----- RECORDS TO PROCESS
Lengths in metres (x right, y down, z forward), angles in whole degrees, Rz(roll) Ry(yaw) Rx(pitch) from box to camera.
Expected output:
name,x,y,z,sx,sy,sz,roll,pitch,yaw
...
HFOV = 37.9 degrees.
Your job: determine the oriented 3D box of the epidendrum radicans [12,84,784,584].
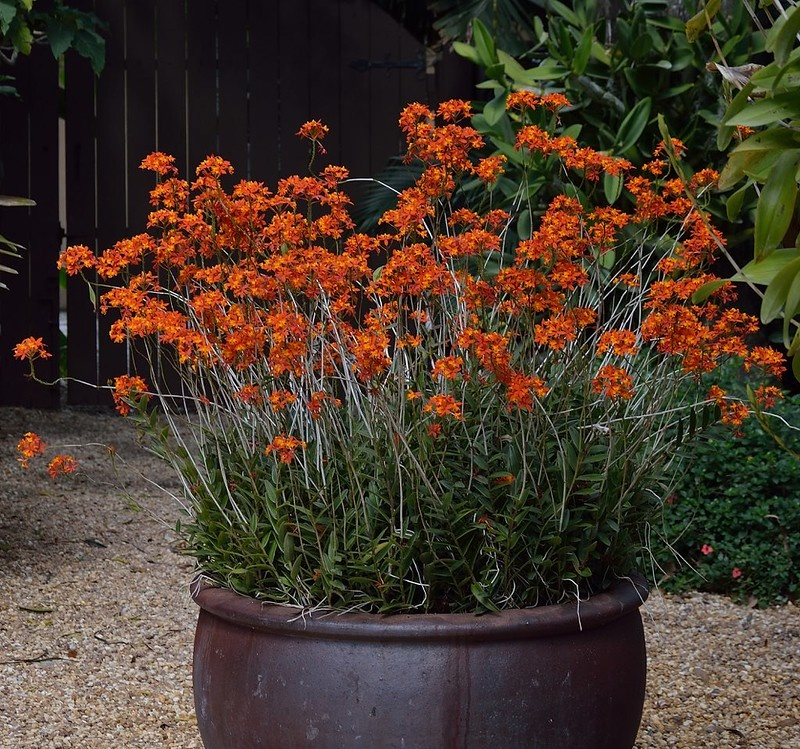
name,x,y,z,sx,sy,sz,roll,pitch,yaw
epidendrum radicans,0.021,-0.107,2.672,1.492,1.112,0.862,0,6,-16
----------
| WORK TO COMPLETE |
Copy the whole listing exactly, excluding the pictures in it.

| ANSWER FOR THIS EXERCISE |
Lengths in metres (x right, y down, z forward), angles in whole degrees, Rz(roll) Ry(yaw) Rx(pitch) from box to camera.
Expected output:
name,x,y,z,sx,sy,sz,roll,pitch,yaw
...
HFOV = 37.9 degrees.
Your job: determine the oriented 3D box of the epidendrum radicans [12,84,784,584].
name,x,y,z,sx,sy,sz,roll,pitch,yaw
epidendrum radicans,0.021,-0.107,2.672,1.492,1.112,0.862,0,6,-16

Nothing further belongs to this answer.